PL das debêntures, que agora segue para o Senado, poderá adicionar R$ 27 bilhões ao ano os investimentos em projetos de logística, saneamento e telecomunicações.
A crise passou longe do setor imobiliário. Muito pelo contrário. Nos primeiros cinco meses do ano, houve um aumento de 127% nos financiamentos com recursos do Sistema Brasileiro de Poupança e Empréstimo (SBPE) em relação ao mesmo período do ano passado. Foram liberados R$ 77,4 bilhões em recursos para a compra de casas e apartamentos. Nos últimos 12 meses, 631 mil unidades foram vendidas, o dobro do registrado nos 12 meses anteriores.

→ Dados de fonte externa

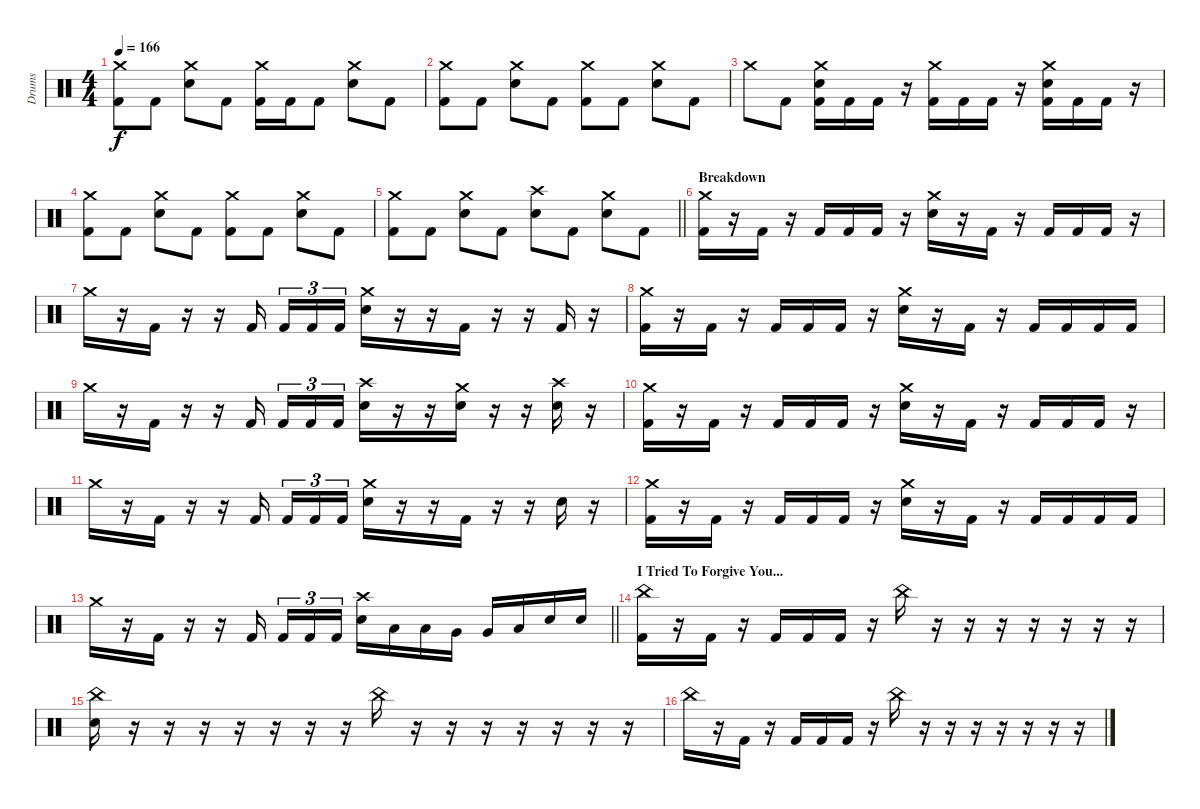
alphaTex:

\track ("Drums" "Drums") {instrument percussion}
\staff {score}
\articulation defaults
\ts (4 4)
\tempo 166
\clef neutral
\ks c
("Crash medium (hit)" "Kick (hit) 2").8{dy f} "Kick (hit) 2".8 ("Crash medium (hit)" "Electric Snare (hit)").8 "Kick (hit) 2".8 ("Crash medium (hit)" "Kick (hit) 2").16 "Kick (hit) 2".16 "Kick (hit) 2".8 ("Crash medium (hit)" "Electric Snare (hit)").8 "Kick (hit) 2".8 |
("Crash medium (hit)" "Kick (hit) 2").8 "Kick (hit) 2".8 ("Crash medium (hit)" "Electric Snare (hit)").8 "Kick (hit) 2".8 ("Crash medium (hit)" "Kick (hit) 2").8 "Kick (hit) 2".8 ("Crash medium (hit)" "Electric Snare (hit)").8 "Kick (hit) 2".8 |
"Crash medium (hit)".8 "Kick (hit) 2".8 ("Crash medium (hit)" "Electric Snare (hit)" "Kick (hit) 2").16 "Kick (hit) 2".16 "Kick (hit) 2".16 r.16 ("Crash medium (hit)" "Kick (hit) 2").16 "Kick (hit) 2".16 "Kick (hit) 2".16 r.16 ("Crash medium (hit)" "Electric Snare (hit)" "Kick (hit) 2").16 "Kick (hit) 2".16 "Kick (hit) 2".16 r.16 |
("Crash medium (hit)" "Kick (hit) 2").8 "Kick (hit) 2".8 ("Crash medium (hit)" "Electric Snare (hit)").8 "Kick (hit) 2".8 ("Crash medium (hit)" "Kick (hit) 2").8 "Kick (hit) 2".8 ("Crash medium (hit)" "Electric Snare (hit)").8 "Kick (hit) 2".8 |
\barLineRight lightlight
("Crash medium (hit)" "Kick (hit) 2").8 "Kick (hit) 2".8 ("Crash medium (hit)" "Electric Snare (hit)").8 "Kick (hit) 2".8 ("Crash high (hit)" "Electric Snare (hit)").8 "Kick (hit) 2".8 ("Crash medium (hit)" "Electric Snare (hit)").8 "Kick (hit) 2".8 |
\section ("" "Breakdown")
("Crash medium (hit)" "Kick (hit) 2").16 r.16 "Kick (hit) 2".16 r.16 "Kick (hit) 2".16 "Kick (hit) 2".16 "Kick (hit) 2".16 r.16 ("Crash medium (hit)" "Electric Snare (hit)").16 r.16 "Kick (hit) 2".16 r.16 "Kick (hit) 2".16 "Kick (hit) 2".16 "Kick (hit) 2".16 r.16 |
"Crash medium (hit)".16 r.16 "Kick (hit) 2".16 r.16 r.16 "Kick (hit) 2".16{beam splitsecondary} "Kick (hit) 2".16{tu (3 2)} "Kick (hit) 2".16{tu (3 2)} "Kick (hit) 2".16{tu (3 2)} ("Crash medium (hit)" "Electric Snare (hit)").16 r.16 r.16 "Kick (hit) 2".16 r.16 r.16 "Kick (hit) 2".16 r.16 |
("Crash medium (hit)" "Kick (hit) 2").16 r.16 "Kick (hit) 2".16 r.16 "Kick (hit) 2".16 "Kick (hit) 2".16 "Kick (hit) 2".16 r.16 ("Crash medium (hit)" "Electric Snare (hit)").16 r.16 "Kick (hit) 2".16 r.16 "Kick (hit) 2".16 "Kick (hit) 2".16 "Kick (hit) 2".16 "Kick (hit) 2".16 |
"Crash medium (hit)".16 r.16 "Kick (hit) 2".16 r.16 r.16 "Kick (hit) 2".16{beam splitsecondary} "Kick (hit) 2".16{tu (3 2)} "Kick (hit) 2".16{tu (3 2)} "Kick (hit) 2".16{tu (3 2)} ("Crash high (hit)" "Electric Snare (hit)").16 r.16 r.16 ("Crash medium (hit)" "Electric Snare (hit)").16 r.16 r.16 ("Crash high (hit)" "Electric Snare (hit)").16 r.16 |
("Crash medium (hit)" "Kick (hit) 2").16 r.16 "Kick (hit) 2".16 r.16 "Kick (hit) 2".16 "Kick (hit) 2".16 "Kick (hit) 2".16 r.16 ("Crash medium (hit)" "Electric Snare (hit)").16 r.16 "Kick (hit) 2".16 r.16 "Kick (hit) 2".16 "Kick (hit) 2".16 "Kick (hit) 2".16 r.16 |
"Crash medium (hit)".16 r.16 "Kick (hit) 2".16 r.16 r.16 "Kick (hit) 2".16{beam splitsecondary} "Kick (hit) 2".16{tu (3 2)} "Kick (hit) 2".16{tu (3 2)} "Kick (hit) 2".16{tu (3 2)} ("Crash medium (hit)" "Electric Snare (hit)").16 r.16 r.16 "Kick (hit) 2".16 r.16 r.16 "Electric Snare (hit)".16 r.16 |
("Crash medium (hit)" "Kick (hit) 2").16 r.16 "Kick (hit) 2".16 r.16 "Kick (hit) 2".16 "Kick (hit) 2".16 "Kick (hit) 2".16 r.16 ("Crash medium (hit)" "Electric Snare (hit)").16 r.16 "Kick (hit) 2".16 r.16 "Kick (hit) 2".16 "Kick (hit) 2".16 "Kick (hit) 2".16 "Kick (hit) 2".16 |
\barLineRight lightlight "Crash medium (hit)".16
r.16 "Kick (hit) 2".16 r.16 r.16 "Kick (hit) 2".16{beam splitsecondary} "Kick (hit) 2".16{tu (3 2)} "Kick (hit) 2".16{tu (3 2)} "Kick (hit) 2".16{tu (3 2)} ("Crash high (hit)" "Electric Snare (hit)").16 "Low Floor Tom (hit)".16 "Low Floor Tom (hit)".16 "Very Low Tom (hit)".16 "Very Low Tom (hit)".16 "Low Tom (hit)".16 "Electric Snare (hit)".16 "Electric Snare (hit)".16 |
\section ("" "I Tried To Forgive You...")
("China (hit)" "Kick (hit) 2").16 r.16 "Kick (hit) 2".16 r.16 "Kick (hit) 2".16 "Kick (hit) 2".16 "Kick (hit) 2".16 r.16 "China (hit)".16 r.16 r.16 r.16 r.16 r.16 r.16 r.16 |
("China (hit)" "Electric Snare (hit)").16 r.16 r.16 r.16 r.16 r.16 r.16 r.16 "China (hit)".16 r.16 r.16 r.16 r.16 r.16 r.16 r.16 |
"China (hit)".16 r.16 "Kick (hit) 2".16 r.16 "Kick (hit) 2".16 "Kick (hit) 2".16 "Kick (hit) 2".16 r.16 "China (hit)".16 r.16 r.16 r.16 r.16 r.16 r.16 r.16

O crédito contribui para a aceleração de projetos e a contratação de trabalhadores. Nos últimos 12 meses, a construção civil abriu 317 mil vagas. No total, o setor emprega 2,4 milhões de brasileiros com carteira assinada, além de gerar milhares de empregos indiretos.
Os bons números, em plena pandemia, só são possíveis por causa de dois fatores. Em primeiro lugar, as taxas de juros estão em patamares historicamente baixos, uma consequência de anos de ajustes econômicos. Mas o vigor da construção civil se deve também a um outro fator específico: as reformas regulatórias feitas na década passada que ampliaram a segurança jurídica dos contratos, deram mais garantia para os compradores e os incorporadores, e possibilitaram o aumento no volume de recursos disponíveis a um custo menor.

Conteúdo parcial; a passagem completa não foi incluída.